For this last case, if expenses reimbursed by FSA cannot be declared as medical expenses (as clearly stated in Pub 969 page 14 and Pub 502, page 15), then the FSA's tax benefit of (effectively) deducting the *first* $5000 in medical expenses disappears, and is replaced by the standard "expenses - 7.5% of AGI".
This interpretation reduces the benefit of the FSA to a reduction in the AGI used to calculate the minimum medical expense level. For an income of $100,000 and an FSA contribution of $5,000, this reduces the "7.5% of AGI" from $7,500 to $7,125. For the 25% marginal tax bracket, this $375 increase in the amount of the medical expenses that can be deducted is worth a whopping $93.75 --- less than 1/10th of the value that the FSA would provide without itemization of medical expenses (25% of $5,000 = $1,250). The $93.75 tax reduction must also be weighed against the forfeiture of any unused balance in the FSA account (averaging $136 per employee in a recent survey).

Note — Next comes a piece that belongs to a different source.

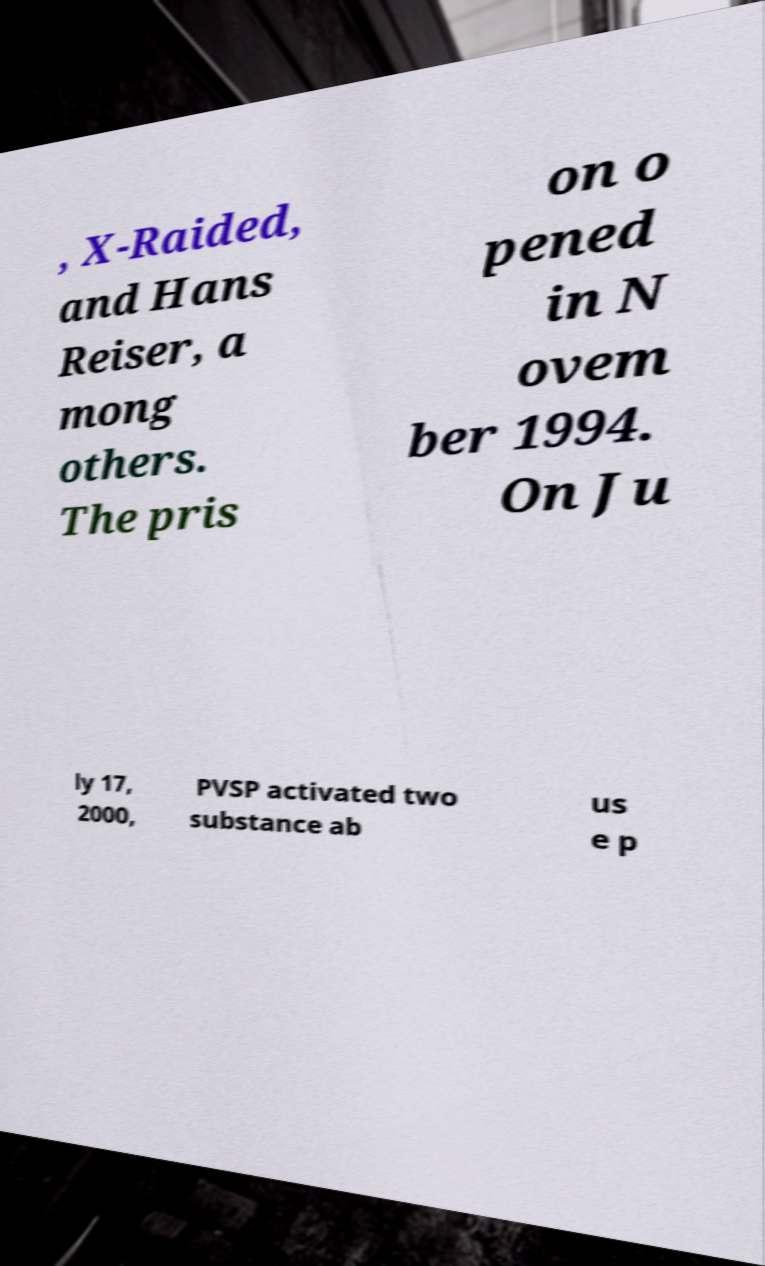Please identify and transcribe the text found in this image. , X-Raided, and Hans Reiser, a mong others. The pris on o pened in N ovem ber 1994. On Ju ly 17, 2000, PVSP activated two substance ab us e p 
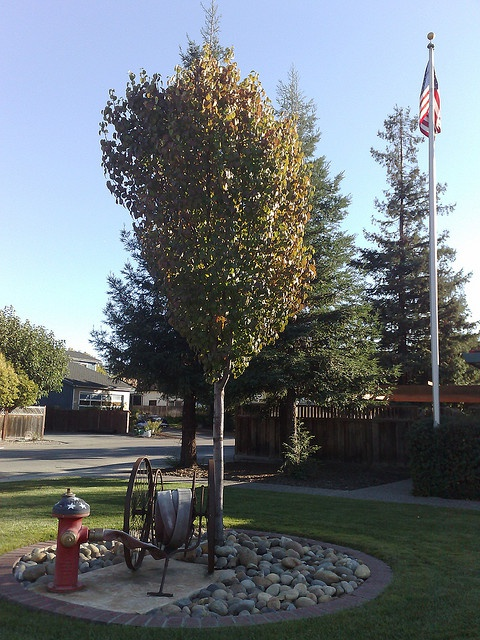Describe the objects in this image and their specific colors. I can see a fire hydrant in lavender, maroon, black, and gray tones in this image.

Although one certainly does not expect to be able to deduct medical expenses more than once, it would be nice if the combination of the FSA with itemization did not destroy the value of the FSA. One would like to be able to deduct *both* the first $5,000 in medical expenses *and* the amount in excess of 7.5% of AGI, but I can't see any way to interpret the IRS publications in a way that would allow this benefit.
Posted by: John D. McCalpin, Ph.D. | 2007.03.20 at 12:49 PM
I've been searching all over the web for an answer to this question:
As a 1099'er (Independent Contractor), am I eligible to participate in a Flexible Spending Account (FSA)? And if so, which administrators deal directly with individuals?
Posted by: Trevor Eyster | 2007.11.17 at 05:20 PM
My company's open enrollment period for my health flexible spending account ended on November 15. I would like to increase my contribution for 2008 due to medical changes that have occurred since the deadline. I was told that a change to my election is not possible at this time because the open enrollment period has passed. Is this accurate even though we have not yet reached 2008? If so, are there any hoops that I can jump through that would allow me to change the election?